Drug Class Phenothiazine; dopamine antagonist Mechanism of Action Suppresses the chemoreceptor trigger zone (CTZ) and blocks the postsynaptic dopamine receptors in the brain, causing an antiemetic effect |
Drug Dosage Oral: 10–25 mg every 4–6 hours. Intramuscular/IV: 25–50 mg every 3–4 hours. |
Indications Nausea and vomiting Psychotic disorders Therapeutic Effects Prevents/reduces nausea and vomiting Antipsychotic |
Drug Interactions CNS depressants Anticonvulsants Oral anticoagulants Phenytoin Propranolol Thiazide diuretics Alcohol Food Interactions No significant interactions |
Adverse Effects Neuroleptic malignant syndrome Tardive dyskinesia Orthostatic hypotension Drowsiness Jaundice Hematologic disorders (leukopenia agranulocytosis, hemolytic anemia, pancytopenia) Hypotension Electrocardiogram (ECG/EKG) changes (Q- and T-wave distortions) Dry mouth Constipation Urinary retention |
Contraindications Hypersensitivity to phenothiazines Comatose states Concurrent use of CNS depressants (alcohol, barbiturates, narcotics, etc.) Caution: Older clients with dementia-related psychosis treated with antipsychotic drugs and chlorpromazine are at an increased risk of death |
Nursing Implications
The nurse should do the following for clients who are taking antiemetics:
- Prior to administering, assess the client’s medical history, current drug list, and allergies.
- Educate the client regarding antiemetic effects, such as dry mouth, constipation, hypotension, and urinary retention.
- Moitor vital signs for signs of hypotension and respiratory depression, as these medications may cause CNS depression.
- Monitor urine input and output for urinary retention.
- Monitor the client closely for extrapyramidal effects such as dystonia, Parkinson-like symptoms, and tardive dyskinesia. Report these to the health care provider immediately.
- Initiate fall precautions due to the adverse effects of orthostatic hypotension and dizziness.
- Provide oral care and lozenges or saliva substitute for dry mouth.
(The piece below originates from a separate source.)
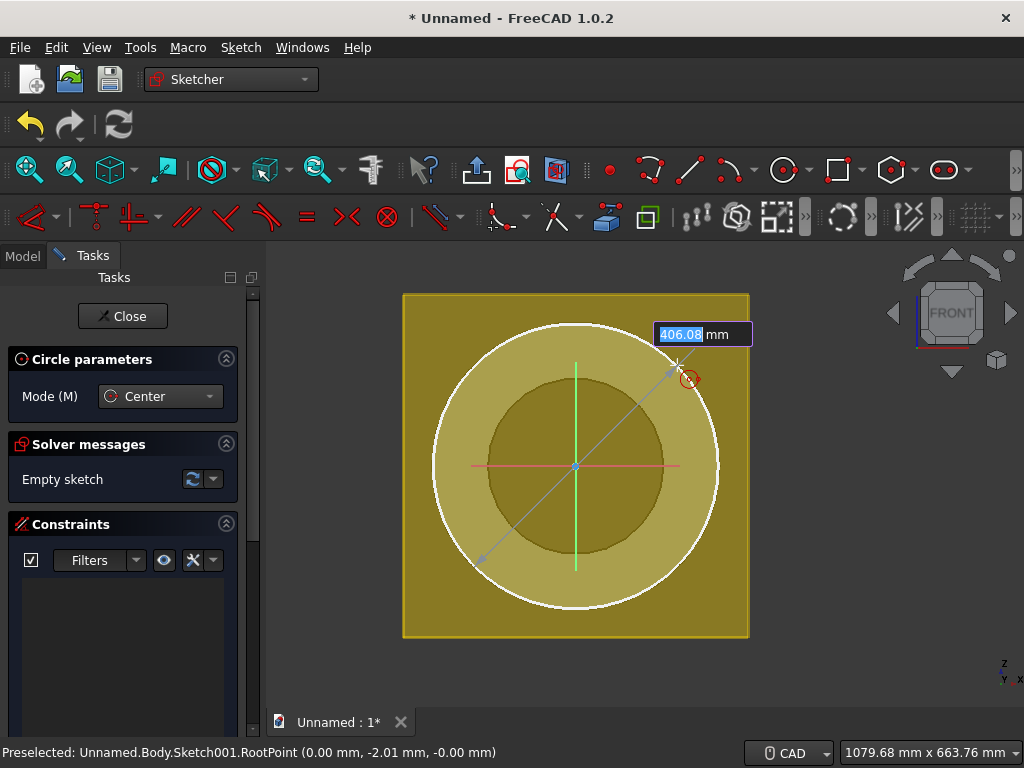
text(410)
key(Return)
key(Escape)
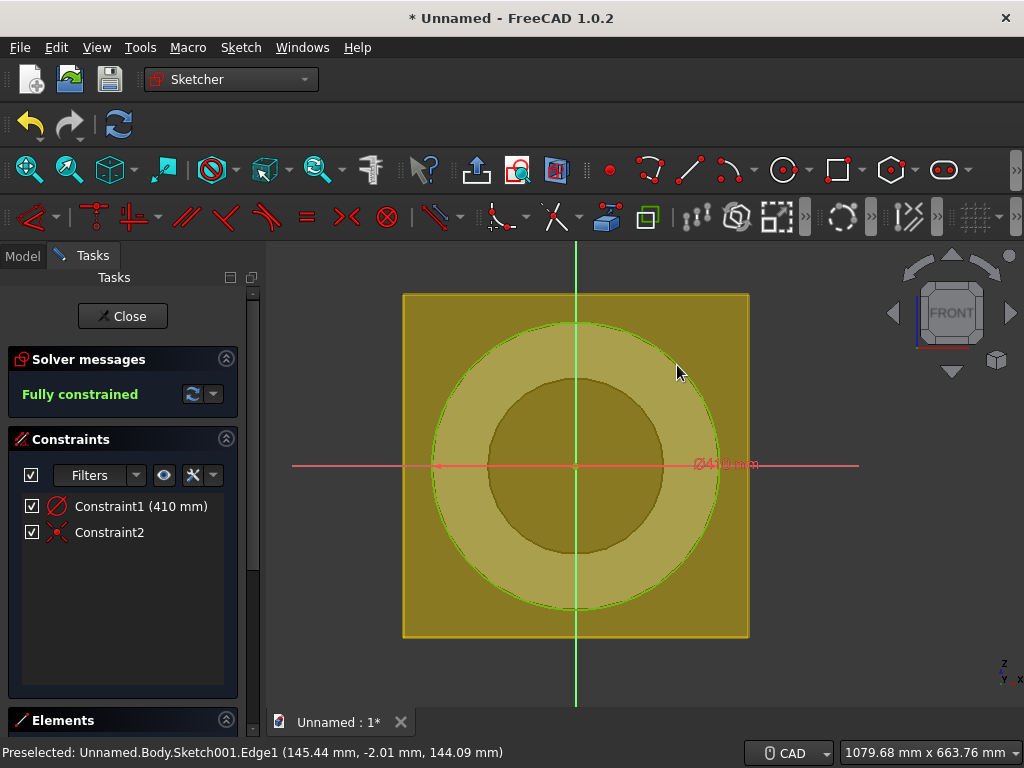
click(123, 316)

- Provide client teaching regarding the drug and when to call the health care provider. See below for client teaching guidelines.
Client Teaching Guidelines
The client taking an antiemetic should:
- Use sugarless candy, gum, or a saliva substitute for dry mouth as this is a normal side effect of these drugs.
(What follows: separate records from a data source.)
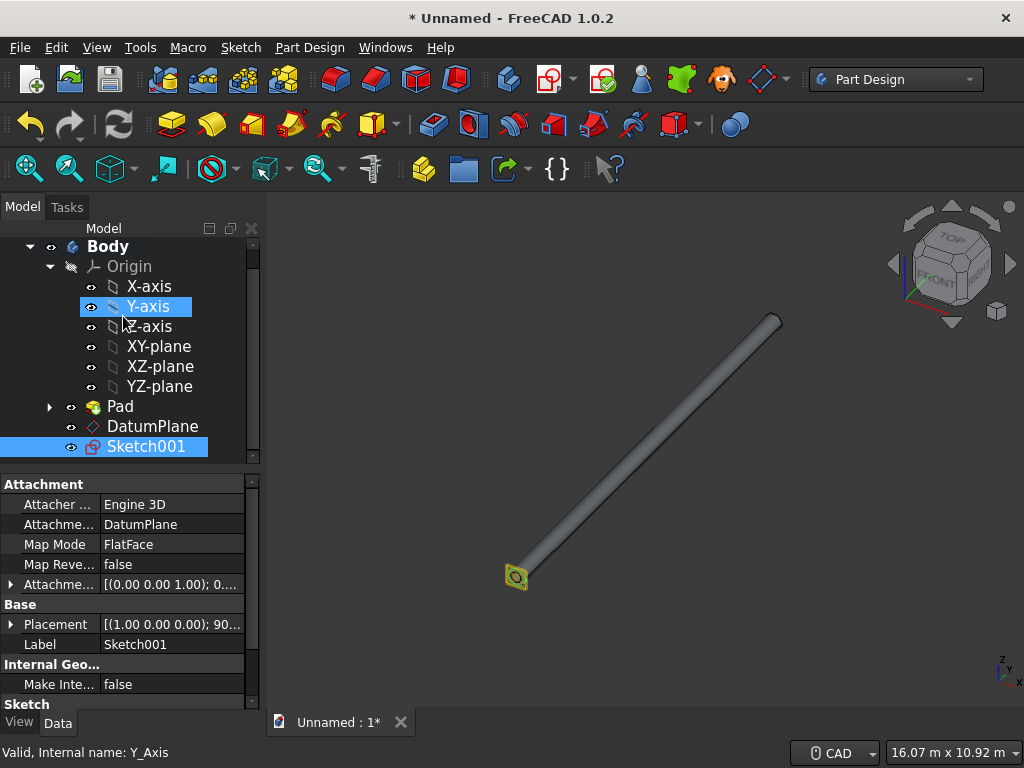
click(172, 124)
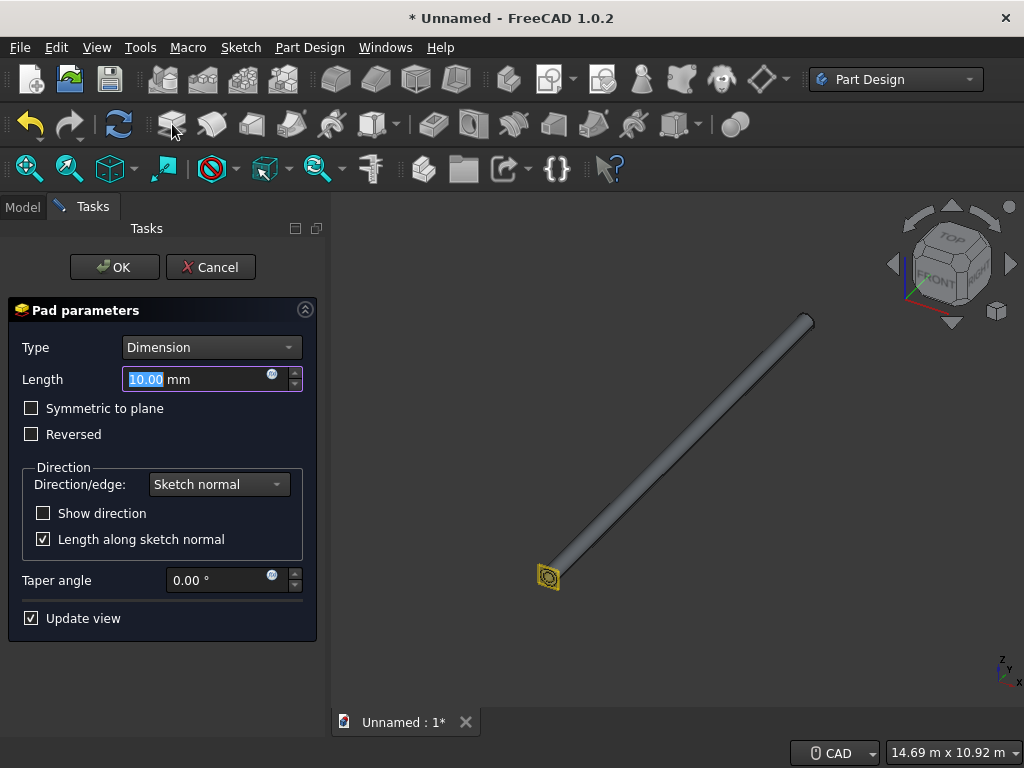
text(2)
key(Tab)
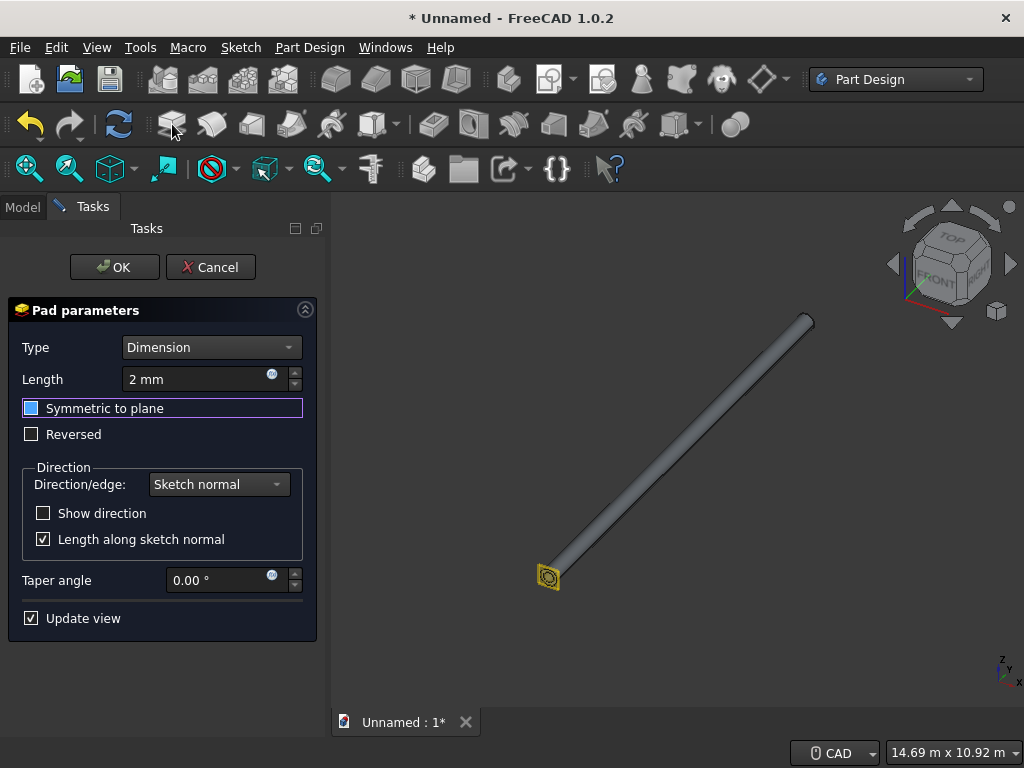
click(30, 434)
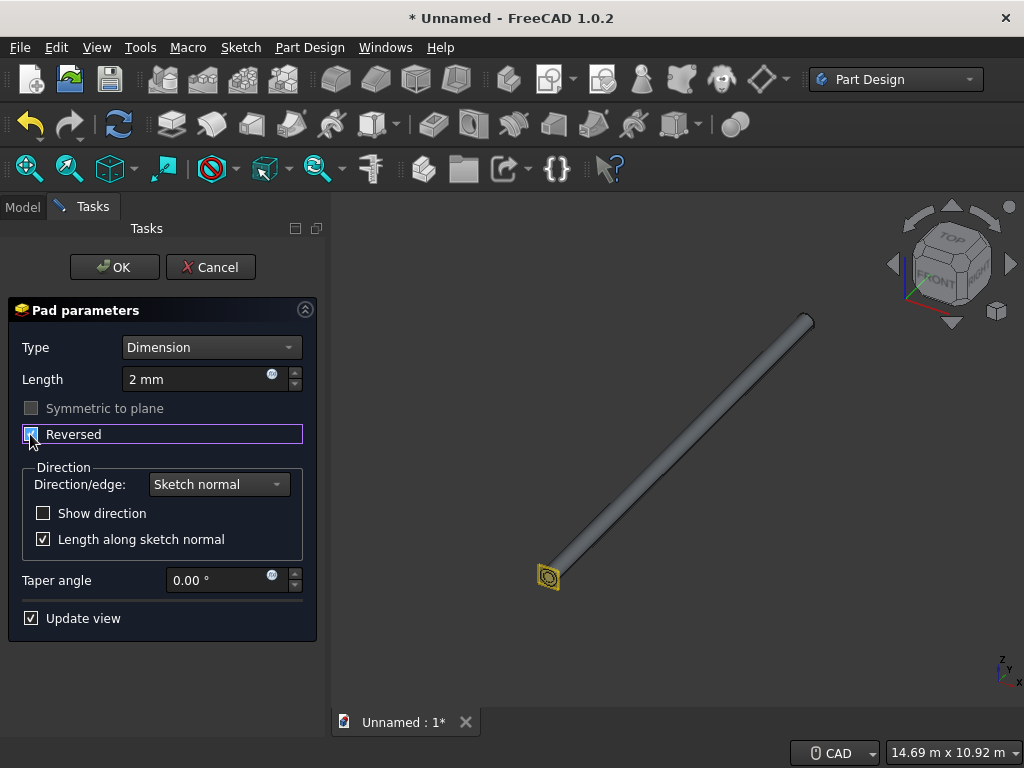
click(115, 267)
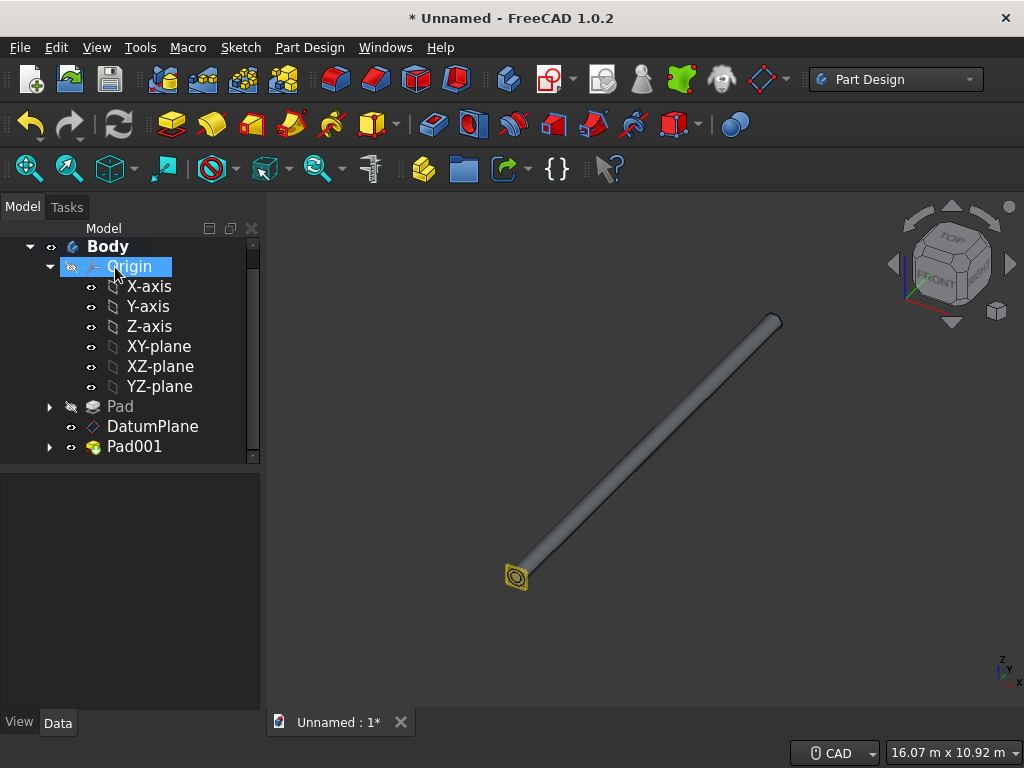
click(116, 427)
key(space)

- Increase their dietary intake of fiber and increase fluid intake, if not contraindicated, to help reduce the risk of constipation.
- Monitor blood pressure and report systolic blood pressure less than 90 mmHg and diastolic pressure less than 60 mmHg to the health care provider as this may represent hypotension.
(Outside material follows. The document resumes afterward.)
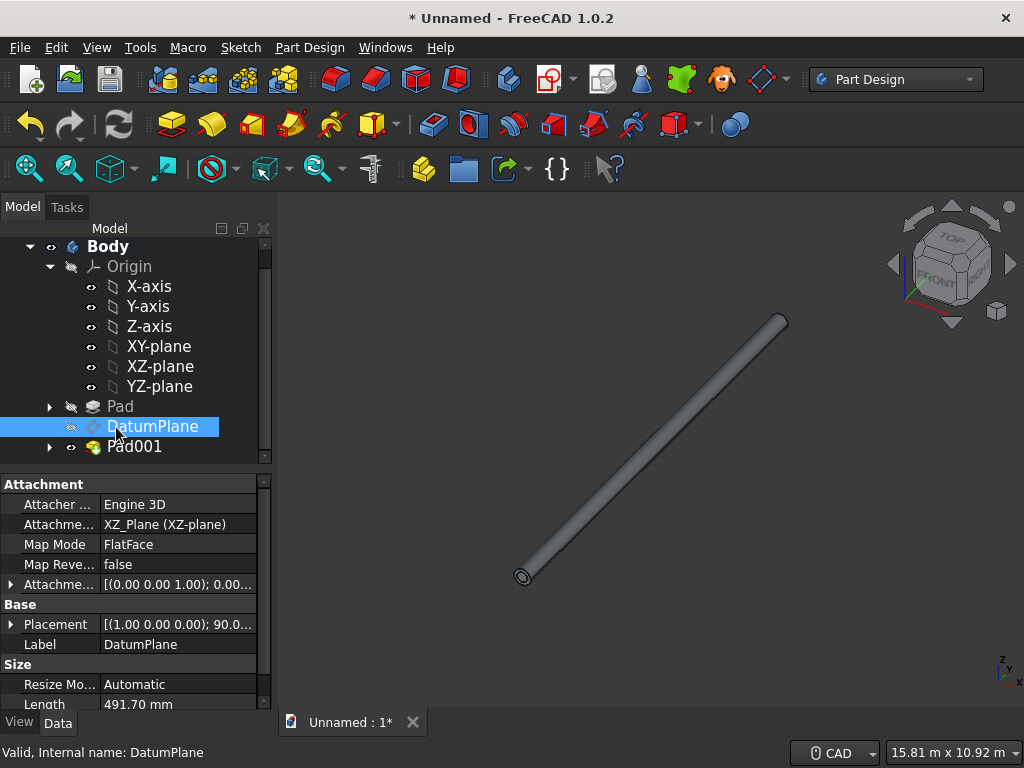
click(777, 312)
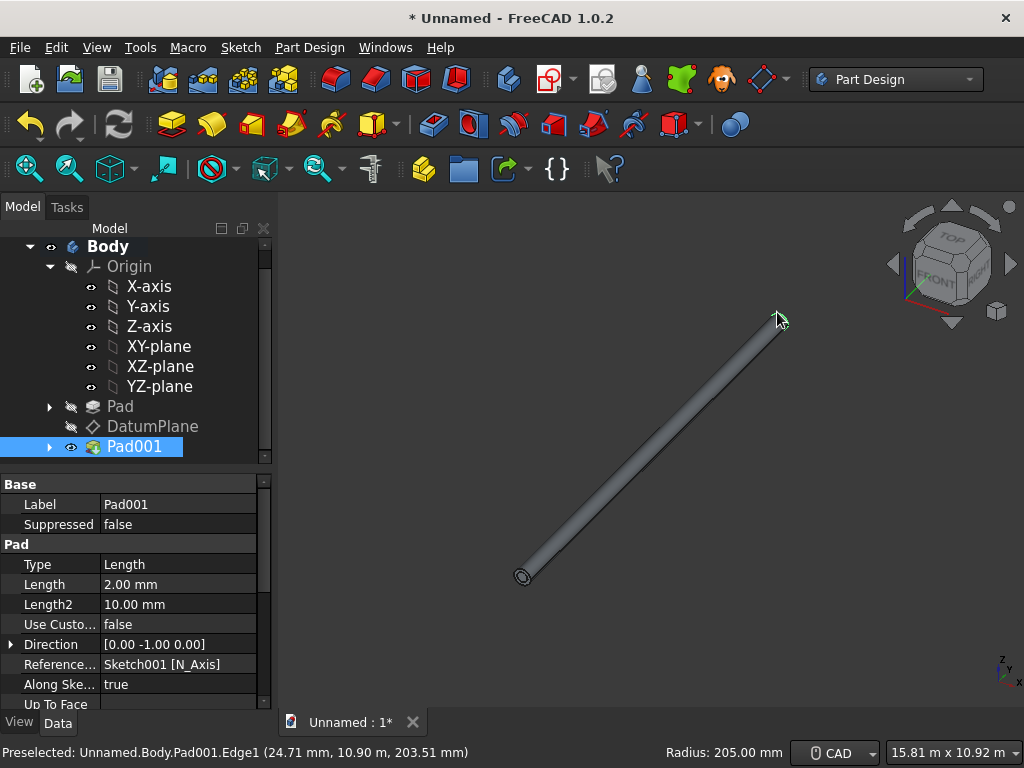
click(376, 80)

- Rise from a lying to sitting or sitting to standing position slowly as these drugs may cause dizziness and orthostatic hypotension.
- Report signs of muscle contractions, tremors, ataxia, involuntary facial movements, or difficulty controlling movement as these may be symptoms of serious adverse effects of the drugs.
The client taking an antiemetic should not:
- Take these drugs with alcohol or other CNS depressants because this may cause increased depression of the central nervous system, resulting in drowsiness, dizziness, and respiratory depression.
- Drive or operate heavy machinery because these drugs may cause drowsiness or dizziness.